Denn der Kundenkreis, der nur durch mündliche Werbung zufriedener Fleischesser angewachsen ist, ist seit Jahren konsequent im Wachsen begriffen. Das heurige Osterfest bot die Gelegenheit, einen neuen Verkaufsrekord aufzustellen. Tausende Würste fanden den Weg zum glücklichen Konsumenten. Diese sind mit den eßbaren Endprodukten deshalb so zufrieden, weil Karl eine einfache Betriebsphilosophie hat: "Wir verkaufen nur Fleischwaren, die wir auch selbst gerne essen würden." Qualität geht am Lindenhof vor Quantität, deswegen bekennt man auch, daß man schon am Produktionslimit angelangt ist: "Mehr als jetzt produzieren wir nicht, weil sonst die Qualität leiden wird." Stammkunden bestätigen Karl in seinem Erfolg. Über viele Kilometer pilgern sie auf den Lindenhof, um sich von ihrem Wurst-Dealer versorgen zu lassen. "Das sind die besten Würste, die man in Kärnten bekommen kann", meint Thomas überzeugt. Er findet regelmäßig seinen Weg zum Bauern, um sich mit Hartwürsten, Salamis und Speck einzudecken. Thomas: "Da weiß man, was man bekommt, und es schmeckt." Er ist ein überzeugter Verfechter der eingeschweißten Fleischwaren aus dem Supermarkt. "Nur die luftgetrockneten, mit Liebe gemachten Würste, wie man sie vom Bauern bekommt, schmecken so, daß man nicht genug davon bekommen kann", meint Thomas. Karl arbeitet für diesen Erfolg hart. Seine Schweine brauchen viel Zuwendung: "Wir haben eigentlich einen geschlossenen Produktionskreislauf. Vom Futter bis zum Endprodukt, den Würsten, wird alles selbst erzeugt." Der Aufwand, bis man die verkaufsfertige Ware hat, ist riesig. Die Schweine wollen unterhalten werden. Die Ferkel kommen auf dem Hof zur Welt, werden gehegt und gepflegt, liegen brav auf Stroh. Karl: "Durch die Strohhaltung sind die Schweine keinem Streß ausgesetzt. Das Fleisch ist für den Menschen besser verträglich." Tägliches, eigenhändiges Ausmisten ist ebenso angesagt wie persönliches Füttern. Für einen allein würde das rund fünf Stunden nur an Stallarbeiten ausmachen. Streß für den Landwirt verursachen aber die über 50 Muttersauen, die den Fleischnachschub zur Welt bringen. "Das fordert seinen Tribut", ächzt Karl. Immerhin hilft aber seine ganze Familie im Betrieb mit.

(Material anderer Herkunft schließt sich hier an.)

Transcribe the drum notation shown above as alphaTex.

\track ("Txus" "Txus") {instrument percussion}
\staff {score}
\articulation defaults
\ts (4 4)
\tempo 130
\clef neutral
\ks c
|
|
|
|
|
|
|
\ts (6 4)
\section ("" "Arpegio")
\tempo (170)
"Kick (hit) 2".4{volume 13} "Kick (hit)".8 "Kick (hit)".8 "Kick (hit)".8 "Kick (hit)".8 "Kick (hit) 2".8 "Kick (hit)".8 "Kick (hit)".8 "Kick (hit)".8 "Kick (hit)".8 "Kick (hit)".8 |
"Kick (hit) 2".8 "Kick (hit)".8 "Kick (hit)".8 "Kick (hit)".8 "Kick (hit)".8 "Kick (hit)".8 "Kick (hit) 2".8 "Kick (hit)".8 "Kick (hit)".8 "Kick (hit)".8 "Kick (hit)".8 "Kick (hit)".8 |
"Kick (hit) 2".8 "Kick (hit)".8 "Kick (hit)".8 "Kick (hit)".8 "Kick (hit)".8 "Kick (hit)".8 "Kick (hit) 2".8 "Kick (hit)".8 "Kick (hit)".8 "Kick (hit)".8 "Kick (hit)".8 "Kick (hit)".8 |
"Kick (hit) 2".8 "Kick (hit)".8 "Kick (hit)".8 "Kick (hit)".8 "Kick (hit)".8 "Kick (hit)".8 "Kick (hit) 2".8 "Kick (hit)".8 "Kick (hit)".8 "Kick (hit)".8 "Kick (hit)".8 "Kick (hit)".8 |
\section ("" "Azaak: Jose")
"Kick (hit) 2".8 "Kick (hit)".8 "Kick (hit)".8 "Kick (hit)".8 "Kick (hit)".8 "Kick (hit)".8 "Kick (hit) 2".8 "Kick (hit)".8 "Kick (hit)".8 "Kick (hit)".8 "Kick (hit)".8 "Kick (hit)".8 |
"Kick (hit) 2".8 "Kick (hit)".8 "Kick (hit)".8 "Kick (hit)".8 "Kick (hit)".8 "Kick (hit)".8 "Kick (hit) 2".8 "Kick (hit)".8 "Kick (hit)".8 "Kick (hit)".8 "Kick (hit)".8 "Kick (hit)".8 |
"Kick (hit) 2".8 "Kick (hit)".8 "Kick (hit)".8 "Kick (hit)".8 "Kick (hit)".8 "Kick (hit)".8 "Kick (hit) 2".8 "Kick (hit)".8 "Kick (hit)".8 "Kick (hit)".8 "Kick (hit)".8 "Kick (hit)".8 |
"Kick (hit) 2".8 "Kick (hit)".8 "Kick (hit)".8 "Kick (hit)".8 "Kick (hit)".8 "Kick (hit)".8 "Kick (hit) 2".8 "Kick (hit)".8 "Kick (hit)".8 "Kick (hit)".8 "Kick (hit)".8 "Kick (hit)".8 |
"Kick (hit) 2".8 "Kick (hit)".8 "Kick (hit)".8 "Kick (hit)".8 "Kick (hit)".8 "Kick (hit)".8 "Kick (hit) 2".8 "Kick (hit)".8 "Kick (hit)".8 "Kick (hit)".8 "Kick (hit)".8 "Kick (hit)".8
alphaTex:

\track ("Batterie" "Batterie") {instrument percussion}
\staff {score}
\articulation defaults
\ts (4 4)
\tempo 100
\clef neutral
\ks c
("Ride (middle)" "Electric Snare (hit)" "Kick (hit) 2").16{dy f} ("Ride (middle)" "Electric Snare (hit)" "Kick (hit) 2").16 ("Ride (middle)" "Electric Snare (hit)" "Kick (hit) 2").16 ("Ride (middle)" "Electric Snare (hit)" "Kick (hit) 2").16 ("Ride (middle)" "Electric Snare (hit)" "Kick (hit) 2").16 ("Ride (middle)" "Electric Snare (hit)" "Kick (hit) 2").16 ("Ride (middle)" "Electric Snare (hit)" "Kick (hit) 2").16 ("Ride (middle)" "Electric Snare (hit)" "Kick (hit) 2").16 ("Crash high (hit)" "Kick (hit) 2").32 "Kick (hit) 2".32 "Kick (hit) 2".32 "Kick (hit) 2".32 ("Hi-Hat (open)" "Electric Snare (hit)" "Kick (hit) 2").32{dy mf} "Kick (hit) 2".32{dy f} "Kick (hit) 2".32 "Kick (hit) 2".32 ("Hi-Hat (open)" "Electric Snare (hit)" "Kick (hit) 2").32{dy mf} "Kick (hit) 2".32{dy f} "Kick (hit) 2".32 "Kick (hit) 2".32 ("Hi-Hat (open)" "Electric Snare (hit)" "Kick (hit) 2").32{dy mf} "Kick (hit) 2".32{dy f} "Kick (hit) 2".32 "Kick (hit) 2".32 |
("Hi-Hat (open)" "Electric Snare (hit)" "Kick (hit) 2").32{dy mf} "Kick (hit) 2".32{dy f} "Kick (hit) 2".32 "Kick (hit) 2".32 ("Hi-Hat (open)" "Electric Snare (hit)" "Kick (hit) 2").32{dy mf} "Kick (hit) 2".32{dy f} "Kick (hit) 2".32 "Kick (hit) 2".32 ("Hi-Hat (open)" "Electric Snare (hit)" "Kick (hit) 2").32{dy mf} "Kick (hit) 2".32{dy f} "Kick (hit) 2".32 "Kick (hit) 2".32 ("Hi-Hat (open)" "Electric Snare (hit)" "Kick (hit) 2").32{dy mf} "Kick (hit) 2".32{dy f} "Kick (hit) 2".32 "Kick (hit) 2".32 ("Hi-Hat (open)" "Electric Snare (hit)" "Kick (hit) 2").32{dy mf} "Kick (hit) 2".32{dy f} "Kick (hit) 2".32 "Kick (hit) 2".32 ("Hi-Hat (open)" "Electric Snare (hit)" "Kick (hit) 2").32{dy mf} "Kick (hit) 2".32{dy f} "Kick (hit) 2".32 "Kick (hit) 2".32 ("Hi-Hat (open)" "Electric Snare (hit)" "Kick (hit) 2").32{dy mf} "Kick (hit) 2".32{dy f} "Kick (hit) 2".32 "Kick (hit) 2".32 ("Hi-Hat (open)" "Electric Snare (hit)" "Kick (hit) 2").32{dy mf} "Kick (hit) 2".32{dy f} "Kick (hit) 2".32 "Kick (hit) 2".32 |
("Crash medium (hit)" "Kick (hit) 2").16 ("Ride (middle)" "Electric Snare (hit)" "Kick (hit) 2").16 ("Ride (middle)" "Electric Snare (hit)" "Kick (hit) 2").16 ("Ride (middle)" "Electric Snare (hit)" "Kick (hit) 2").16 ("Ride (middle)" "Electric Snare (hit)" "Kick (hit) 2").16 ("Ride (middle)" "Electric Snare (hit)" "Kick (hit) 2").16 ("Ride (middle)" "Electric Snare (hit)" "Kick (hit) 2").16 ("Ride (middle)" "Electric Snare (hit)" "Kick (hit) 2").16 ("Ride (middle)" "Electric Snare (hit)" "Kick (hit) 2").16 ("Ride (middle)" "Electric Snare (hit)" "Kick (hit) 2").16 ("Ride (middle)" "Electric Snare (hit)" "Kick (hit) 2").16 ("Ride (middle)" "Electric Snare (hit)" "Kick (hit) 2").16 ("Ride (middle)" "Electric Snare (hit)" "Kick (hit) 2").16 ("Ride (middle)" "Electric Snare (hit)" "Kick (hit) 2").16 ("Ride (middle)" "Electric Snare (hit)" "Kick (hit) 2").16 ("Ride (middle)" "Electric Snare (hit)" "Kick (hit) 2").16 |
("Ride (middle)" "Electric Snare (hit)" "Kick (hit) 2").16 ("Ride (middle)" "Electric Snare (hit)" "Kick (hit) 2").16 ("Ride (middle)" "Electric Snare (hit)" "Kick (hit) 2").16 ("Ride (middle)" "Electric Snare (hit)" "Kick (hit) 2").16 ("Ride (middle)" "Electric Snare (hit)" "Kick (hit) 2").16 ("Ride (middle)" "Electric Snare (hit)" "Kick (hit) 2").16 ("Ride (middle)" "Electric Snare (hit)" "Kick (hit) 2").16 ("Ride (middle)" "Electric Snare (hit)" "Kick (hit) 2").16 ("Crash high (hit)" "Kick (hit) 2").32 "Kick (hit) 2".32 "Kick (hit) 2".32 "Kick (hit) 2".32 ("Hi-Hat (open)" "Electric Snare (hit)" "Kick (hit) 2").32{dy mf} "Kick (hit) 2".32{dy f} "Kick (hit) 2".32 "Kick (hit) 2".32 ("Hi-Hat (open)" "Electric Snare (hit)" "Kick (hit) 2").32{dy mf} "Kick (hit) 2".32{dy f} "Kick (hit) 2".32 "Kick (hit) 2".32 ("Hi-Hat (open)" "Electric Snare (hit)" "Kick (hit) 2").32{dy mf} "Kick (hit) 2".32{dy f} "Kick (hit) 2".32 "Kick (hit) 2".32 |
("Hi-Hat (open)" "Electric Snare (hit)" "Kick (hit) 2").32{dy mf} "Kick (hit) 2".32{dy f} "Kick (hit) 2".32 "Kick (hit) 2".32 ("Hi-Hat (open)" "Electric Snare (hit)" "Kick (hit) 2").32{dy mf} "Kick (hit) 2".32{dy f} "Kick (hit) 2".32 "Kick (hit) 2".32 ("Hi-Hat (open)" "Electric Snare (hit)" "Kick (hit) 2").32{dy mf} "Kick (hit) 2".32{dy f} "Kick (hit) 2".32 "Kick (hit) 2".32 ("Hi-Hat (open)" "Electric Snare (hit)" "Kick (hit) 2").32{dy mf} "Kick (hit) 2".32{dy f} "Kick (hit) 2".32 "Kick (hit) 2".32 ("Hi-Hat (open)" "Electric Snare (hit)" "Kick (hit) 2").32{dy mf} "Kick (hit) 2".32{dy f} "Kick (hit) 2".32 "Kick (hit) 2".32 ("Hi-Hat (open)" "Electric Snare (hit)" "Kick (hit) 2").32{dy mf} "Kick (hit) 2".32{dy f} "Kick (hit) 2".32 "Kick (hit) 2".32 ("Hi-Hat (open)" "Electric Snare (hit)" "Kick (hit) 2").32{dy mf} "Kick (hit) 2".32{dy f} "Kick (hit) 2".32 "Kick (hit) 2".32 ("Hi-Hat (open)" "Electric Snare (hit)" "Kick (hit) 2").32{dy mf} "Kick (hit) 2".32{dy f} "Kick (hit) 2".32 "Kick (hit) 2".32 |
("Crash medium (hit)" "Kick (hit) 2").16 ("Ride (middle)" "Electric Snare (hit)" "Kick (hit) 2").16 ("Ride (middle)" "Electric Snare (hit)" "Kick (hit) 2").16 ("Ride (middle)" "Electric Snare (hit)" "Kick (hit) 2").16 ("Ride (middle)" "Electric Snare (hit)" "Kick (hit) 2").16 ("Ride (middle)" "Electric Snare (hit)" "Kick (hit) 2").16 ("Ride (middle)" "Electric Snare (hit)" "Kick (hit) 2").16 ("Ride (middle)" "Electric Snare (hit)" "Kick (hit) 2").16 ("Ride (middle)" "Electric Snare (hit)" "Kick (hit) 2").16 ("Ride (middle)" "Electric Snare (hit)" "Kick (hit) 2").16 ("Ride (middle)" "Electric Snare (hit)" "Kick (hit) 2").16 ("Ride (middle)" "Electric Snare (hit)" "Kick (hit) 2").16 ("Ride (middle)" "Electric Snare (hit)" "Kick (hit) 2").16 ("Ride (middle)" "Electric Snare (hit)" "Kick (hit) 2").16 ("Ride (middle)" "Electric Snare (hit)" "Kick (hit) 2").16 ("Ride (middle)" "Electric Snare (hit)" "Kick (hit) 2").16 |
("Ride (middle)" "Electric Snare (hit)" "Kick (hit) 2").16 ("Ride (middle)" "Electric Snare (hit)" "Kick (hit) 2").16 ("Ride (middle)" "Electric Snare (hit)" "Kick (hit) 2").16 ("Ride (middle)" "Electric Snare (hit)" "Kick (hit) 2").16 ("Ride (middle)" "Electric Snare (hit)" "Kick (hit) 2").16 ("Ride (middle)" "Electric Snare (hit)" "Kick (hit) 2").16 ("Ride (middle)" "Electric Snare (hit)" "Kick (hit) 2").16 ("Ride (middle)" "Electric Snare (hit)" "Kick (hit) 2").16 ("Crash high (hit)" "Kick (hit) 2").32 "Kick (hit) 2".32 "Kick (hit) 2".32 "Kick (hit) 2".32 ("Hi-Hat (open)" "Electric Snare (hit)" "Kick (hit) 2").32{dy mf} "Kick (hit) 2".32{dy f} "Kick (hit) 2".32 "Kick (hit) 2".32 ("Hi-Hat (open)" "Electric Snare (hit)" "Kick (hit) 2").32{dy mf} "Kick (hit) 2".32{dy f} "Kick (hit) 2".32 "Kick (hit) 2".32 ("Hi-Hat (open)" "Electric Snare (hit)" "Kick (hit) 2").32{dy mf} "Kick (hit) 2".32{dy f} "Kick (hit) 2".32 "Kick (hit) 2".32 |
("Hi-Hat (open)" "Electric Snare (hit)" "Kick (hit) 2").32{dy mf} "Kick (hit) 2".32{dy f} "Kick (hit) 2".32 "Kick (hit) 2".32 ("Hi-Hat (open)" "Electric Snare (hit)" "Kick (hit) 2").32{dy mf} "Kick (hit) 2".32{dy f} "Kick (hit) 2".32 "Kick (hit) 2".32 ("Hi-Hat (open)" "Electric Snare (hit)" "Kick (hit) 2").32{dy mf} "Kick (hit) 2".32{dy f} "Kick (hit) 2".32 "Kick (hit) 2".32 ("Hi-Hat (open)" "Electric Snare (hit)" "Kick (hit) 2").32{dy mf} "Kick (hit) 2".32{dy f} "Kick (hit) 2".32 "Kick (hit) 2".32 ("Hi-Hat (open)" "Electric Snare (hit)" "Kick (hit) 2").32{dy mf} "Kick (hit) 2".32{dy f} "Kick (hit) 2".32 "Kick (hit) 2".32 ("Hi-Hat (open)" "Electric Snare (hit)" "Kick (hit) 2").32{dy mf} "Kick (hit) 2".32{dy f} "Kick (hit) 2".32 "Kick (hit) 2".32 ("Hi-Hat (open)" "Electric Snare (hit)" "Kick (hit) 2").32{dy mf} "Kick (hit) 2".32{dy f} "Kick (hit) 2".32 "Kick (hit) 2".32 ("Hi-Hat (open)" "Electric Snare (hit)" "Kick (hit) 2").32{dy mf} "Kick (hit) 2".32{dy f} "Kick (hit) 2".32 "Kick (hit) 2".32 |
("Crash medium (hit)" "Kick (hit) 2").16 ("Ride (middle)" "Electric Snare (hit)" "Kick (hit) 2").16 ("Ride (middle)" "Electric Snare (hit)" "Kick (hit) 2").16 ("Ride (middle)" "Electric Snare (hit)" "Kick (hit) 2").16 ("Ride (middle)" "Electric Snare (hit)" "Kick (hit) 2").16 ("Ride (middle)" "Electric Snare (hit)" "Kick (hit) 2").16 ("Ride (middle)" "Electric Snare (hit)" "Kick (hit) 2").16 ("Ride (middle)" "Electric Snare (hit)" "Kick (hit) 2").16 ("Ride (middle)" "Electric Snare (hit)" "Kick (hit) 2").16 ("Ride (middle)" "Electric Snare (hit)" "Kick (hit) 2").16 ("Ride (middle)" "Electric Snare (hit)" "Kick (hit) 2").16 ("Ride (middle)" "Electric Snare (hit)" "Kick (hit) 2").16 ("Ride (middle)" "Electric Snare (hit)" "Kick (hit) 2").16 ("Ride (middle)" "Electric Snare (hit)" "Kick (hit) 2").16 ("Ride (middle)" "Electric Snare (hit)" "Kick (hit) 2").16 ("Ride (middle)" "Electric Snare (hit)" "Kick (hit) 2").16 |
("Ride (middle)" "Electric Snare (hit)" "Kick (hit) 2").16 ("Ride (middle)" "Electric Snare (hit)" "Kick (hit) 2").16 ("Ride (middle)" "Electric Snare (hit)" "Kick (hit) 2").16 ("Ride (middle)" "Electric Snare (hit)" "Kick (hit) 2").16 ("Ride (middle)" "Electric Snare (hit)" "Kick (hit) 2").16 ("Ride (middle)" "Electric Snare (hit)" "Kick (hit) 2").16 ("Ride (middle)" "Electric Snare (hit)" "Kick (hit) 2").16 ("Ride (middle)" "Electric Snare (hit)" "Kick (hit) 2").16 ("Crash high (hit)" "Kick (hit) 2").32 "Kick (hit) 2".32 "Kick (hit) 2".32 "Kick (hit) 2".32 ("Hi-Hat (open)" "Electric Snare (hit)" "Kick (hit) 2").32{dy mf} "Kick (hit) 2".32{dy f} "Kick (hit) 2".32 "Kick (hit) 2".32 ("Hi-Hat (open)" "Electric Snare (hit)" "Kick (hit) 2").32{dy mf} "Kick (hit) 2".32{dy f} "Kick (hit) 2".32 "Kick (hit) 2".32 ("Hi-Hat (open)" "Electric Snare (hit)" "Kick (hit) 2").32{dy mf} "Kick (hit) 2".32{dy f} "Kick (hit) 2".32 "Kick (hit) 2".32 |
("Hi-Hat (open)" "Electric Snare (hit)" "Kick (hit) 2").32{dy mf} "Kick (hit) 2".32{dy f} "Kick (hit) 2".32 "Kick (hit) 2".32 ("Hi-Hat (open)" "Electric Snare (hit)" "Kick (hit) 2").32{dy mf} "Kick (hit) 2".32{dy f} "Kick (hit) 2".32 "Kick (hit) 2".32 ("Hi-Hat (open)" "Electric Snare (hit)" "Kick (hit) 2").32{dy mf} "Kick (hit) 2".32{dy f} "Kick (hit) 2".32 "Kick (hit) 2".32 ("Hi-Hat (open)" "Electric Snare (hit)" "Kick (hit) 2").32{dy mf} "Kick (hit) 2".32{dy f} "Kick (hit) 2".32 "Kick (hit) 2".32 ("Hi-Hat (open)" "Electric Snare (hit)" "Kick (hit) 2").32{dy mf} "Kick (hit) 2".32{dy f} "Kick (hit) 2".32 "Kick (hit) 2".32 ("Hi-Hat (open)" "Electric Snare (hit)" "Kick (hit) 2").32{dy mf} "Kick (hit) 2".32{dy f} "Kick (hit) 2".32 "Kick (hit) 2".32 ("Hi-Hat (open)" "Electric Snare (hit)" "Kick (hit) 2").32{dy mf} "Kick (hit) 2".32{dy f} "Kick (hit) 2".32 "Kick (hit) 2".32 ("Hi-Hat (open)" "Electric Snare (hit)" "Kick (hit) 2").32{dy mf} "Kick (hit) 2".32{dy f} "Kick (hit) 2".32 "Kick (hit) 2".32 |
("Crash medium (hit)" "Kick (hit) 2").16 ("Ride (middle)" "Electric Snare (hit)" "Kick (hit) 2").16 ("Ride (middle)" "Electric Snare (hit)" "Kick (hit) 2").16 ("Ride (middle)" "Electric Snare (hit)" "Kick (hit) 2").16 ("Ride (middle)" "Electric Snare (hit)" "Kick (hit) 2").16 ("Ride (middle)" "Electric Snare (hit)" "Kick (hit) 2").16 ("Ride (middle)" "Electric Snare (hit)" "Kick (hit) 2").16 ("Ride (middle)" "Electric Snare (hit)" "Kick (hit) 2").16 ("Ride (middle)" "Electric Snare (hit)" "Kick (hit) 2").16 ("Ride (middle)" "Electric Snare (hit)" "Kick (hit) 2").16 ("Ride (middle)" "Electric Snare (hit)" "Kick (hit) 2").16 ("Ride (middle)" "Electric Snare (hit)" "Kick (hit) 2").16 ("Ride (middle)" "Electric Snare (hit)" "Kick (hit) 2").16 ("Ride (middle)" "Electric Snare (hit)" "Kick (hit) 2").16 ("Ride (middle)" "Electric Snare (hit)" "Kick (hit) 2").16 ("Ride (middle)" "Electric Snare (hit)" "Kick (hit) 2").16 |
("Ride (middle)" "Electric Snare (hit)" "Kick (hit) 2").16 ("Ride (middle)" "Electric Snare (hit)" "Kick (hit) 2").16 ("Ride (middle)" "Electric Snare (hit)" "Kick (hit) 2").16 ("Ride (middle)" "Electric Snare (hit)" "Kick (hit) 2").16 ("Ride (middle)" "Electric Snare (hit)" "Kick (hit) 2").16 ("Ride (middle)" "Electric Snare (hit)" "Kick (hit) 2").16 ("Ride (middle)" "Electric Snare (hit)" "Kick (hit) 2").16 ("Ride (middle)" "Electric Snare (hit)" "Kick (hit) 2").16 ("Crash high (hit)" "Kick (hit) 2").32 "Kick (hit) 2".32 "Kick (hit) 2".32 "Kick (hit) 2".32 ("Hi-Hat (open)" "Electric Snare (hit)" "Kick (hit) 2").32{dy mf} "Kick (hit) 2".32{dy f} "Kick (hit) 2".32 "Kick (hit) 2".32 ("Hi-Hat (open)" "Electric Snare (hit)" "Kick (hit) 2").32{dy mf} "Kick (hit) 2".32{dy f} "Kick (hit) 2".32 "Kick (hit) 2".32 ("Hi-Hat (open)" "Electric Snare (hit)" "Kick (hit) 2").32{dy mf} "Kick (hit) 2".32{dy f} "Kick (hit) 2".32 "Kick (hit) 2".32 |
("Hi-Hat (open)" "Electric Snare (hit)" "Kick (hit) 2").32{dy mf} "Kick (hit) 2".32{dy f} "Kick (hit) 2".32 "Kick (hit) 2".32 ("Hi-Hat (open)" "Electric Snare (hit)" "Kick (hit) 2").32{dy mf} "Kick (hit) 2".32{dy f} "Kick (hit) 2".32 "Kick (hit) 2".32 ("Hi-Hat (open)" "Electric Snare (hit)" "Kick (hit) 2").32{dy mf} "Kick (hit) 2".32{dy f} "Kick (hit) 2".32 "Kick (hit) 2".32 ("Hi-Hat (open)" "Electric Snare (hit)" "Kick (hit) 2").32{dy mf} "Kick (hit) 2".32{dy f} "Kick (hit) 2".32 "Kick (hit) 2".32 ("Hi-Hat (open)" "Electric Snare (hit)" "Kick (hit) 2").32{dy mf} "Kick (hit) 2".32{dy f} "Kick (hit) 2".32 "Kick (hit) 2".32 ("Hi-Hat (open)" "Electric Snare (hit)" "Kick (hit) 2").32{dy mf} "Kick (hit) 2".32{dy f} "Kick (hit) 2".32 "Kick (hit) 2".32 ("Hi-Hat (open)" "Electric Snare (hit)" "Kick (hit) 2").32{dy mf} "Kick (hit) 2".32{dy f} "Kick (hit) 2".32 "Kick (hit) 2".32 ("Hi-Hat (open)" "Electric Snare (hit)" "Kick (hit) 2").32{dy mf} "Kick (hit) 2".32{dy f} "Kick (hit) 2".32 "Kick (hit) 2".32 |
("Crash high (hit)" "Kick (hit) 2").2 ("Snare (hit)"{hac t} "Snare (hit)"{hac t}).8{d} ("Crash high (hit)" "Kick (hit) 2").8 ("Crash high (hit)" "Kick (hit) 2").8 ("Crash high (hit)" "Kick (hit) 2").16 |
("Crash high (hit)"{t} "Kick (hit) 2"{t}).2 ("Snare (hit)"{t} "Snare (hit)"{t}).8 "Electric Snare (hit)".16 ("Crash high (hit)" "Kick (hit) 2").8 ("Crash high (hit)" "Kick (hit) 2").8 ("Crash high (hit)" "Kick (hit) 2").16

Der Erfolg gibt Karl recht. Er freut sich über die Anerkennung durch die Kunden: "Einzelne Leute sind sogar aus Deutschland oder aus Vorarlberg auf den Lindenhof gekommen, um sich ihre Osterjause zu holen."

Zum Tod der Schweine hat man beim Bauern natürliches Verhältnis. "Die Schweine haben ja ein glückliches Leben, bis sie ihrer Bestimmung zugeführt werden", meint Karl. Ihren Tod per Schlachtschußapperat würden sie gar nicht mehr mitbekommen. Trotzdem hat man am Lindenhof Respekt vor der Kreatur: "Spanferkel macht man aus unseren Schweinen keines! Ein 25-Kilo-Schwein am Spieß, das kann man nicht anschauen. Das ist wie Kindermord."